Data for the task:
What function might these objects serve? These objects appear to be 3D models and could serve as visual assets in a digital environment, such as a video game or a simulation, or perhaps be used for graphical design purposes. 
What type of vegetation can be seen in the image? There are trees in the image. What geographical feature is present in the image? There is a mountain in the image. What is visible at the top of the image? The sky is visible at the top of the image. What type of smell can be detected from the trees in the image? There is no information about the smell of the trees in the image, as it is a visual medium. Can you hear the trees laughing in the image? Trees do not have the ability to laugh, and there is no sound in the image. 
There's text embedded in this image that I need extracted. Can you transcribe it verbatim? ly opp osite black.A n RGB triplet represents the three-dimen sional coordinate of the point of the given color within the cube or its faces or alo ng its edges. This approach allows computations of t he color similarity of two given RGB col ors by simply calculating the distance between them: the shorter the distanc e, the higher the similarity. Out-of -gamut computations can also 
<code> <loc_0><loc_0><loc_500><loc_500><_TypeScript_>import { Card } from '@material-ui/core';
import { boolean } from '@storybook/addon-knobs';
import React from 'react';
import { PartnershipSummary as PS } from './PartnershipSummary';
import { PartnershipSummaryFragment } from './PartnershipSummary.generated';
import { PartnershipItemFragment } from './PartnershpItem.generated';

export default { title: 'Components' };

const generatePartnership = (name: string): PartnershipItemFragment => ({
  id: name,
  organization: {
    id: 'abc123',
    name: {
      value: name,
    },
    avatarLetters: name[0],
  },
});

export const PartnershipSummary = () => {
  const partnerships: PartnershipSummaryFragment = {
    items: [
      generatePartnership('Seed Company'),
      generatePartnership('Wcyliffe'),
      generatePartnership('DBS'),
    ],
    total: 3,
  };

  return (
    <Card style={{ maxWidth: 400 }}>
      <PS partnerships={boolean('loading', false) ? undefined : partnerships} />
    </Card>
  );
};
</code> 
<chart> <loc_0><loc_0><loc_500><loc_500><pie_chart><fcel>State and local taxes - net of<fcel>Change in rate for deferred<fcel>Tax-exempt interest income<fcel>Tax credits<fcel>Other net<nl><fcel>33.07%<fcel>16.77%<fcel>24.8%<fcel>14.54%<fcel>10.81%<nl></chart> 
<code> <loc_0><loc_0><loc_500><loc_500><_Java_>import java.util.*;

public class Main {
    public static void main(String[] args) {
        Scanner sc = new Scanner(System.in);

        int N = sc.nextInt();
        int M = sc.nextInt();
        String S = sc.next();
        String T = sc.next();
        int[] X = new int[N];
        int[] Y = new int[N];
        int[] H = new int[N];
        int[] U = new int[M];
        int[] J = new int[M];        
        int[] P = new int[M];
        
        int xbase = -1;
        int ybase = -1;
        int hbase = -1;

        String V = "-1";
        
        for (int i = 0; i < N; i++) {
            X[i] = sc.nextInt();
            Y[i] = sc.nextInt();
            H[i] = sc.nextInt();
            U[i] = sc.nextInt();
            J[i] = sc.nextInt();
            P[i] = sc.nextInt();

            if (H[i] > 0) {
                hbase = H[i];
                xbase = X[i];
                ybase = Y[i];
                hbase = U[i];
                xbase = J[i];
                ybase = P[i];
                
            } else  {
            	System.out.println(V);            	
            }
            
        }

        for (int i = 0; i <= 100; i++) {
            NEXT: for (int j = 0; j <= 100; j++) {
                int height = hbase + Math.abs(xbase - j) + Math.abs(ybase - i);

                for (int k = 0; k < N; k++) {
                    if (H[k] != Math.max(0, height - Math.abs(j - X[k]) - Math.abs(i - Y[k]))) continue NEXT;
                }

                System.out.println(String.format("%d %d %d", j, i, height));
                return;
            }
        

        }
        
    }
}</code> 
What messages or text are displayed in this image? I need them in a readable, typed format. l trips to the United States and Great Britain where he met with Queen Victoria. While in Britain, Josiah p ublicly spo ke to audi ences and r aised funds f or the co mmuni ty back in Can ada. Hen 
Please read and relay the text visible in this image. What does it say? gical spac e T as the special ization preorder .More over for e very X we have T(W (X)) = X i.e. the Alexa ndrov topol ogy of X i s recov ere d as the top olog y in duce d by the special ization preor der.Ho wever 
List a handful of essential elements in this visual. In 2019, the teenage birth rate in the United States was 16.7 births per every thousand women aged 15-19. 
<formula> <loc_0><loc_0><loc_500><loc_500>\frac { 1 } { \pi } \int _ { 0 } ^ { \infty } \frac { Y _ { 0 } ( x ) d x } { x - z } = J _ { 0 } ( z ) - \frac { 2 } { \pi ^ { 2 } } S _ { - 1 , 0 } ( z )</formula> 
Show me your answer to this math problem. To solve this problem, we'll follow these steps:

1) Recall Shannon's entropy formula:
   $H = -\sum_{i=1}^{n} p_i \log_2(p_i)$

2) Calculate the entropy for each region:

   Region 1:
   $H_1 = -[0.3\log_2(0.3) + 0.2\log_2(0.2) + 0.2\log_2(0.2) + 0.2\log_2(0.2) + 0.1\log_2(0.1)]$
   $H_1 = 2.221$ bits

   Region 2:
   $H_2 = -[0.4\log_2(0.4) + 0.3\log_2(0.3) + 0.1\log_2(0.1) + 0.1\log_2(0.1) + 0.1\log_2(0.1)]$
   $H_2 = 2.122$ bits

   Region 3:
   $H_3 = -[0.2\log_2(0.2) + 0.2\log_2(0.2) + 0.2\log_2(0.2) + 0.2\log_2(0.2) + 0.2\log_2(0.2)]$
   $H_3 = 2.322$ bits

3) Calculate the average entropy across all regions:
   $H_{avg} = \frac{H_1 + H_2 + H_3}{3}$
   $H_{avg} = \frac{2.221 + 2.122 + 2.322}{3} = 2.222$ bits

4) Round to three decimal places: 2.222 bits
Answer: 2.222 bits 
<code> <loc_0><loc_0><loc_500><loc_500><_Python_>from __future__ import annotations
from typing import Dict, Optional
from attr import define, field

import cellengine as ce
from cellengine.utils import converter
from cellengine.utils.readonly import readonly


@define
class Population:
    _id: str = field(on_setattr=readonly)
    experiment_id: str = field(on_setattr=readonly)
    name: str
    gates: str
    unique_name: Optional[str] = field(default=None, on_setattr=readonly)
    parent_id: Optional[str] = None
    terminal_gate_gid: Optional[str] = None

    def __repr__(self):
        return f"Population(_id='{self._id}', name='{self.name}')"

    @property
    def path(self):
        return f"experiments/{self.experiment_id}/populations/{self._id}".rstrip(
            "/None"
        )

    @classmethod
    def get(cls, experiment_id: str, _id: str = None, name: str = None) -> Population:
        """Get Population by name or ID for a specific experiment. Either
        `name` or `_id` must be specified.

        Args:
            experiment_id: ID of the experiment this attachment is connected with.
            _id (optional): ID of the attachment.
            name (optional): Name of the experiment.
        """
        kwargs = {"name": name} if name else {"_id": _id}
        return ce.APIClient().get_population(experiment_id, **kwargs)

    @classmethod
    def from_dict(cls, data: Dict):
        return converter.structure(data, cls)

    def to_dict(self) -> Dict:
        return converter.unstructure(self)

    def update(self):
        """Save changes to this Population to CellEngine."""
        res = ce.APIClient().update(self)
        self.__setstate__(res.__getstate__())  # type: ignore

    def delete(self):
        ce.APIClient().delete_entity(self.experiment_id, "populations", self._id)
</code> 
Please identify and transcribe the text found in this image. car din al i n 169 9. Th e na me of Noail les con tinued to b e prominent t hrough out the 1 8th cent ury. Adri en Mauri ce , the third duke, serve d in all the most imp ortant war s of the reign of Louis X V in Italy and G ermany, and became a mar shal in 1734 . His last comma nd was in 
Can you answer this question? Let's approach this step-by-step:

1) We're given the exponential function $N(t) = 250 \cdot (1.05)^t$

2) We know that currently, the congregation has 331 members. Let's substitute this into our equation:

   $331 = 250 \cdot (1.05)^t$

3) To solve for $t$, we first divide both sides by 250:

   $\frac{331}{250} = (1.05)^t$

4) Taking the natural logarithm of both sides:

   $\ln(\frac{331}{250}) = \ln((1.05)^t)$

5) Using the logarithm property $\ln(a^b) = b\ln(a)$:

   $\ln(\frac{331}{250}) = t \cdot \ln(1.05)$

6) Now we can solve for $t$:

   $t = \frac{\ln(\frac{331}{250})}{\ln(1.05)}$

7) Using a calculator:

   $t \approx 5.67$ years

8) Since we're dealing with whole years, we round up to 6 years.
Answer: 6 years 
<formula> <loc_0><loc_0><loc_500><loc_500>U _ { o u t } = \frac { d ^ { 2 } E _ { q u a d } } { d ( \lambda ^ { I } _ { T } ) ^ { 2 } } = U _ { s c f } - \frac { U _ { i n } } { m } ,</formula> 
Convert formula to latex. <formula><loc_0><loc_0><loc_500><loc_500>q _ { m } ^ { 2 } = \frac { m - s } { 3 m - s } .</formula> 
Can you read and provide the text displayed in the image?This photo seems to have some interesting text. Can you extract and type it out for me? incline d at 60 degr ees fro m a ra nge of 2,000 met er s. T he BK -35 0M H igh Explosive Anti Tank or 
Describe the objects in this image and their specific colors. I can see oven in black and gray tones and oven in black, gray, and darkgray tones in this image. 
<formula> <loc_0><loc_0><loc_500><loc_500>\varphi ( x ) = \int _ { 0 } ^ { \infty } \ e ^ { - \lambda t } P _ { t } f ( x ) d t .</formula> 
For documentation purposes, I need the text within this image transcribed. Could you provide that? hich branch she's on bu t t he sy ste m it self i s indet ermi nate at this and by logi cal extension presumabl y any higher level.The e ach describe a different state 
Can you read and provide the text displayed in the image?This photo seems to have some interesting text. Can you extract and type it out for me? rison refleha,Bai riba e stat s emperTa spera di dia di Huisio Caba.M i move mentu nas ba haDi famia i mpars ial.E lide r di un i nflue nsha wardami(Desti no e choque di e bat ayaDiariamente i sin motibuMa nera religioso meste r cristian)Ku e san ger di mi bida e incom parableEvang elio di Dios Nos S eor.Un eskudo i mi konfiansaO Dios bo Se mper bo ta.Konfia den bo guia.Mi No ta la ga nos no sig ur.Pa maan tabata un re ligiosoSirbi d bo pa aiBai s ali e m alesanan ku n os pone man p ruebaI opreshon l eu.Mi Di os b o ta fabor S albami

Goal of the exercise: From the data above, pick out each line containing "both" and copy it.

Answer area:
3) To solve for $t$, we first divide both sides by 250:
4) Taking the natural logarithm of both sides:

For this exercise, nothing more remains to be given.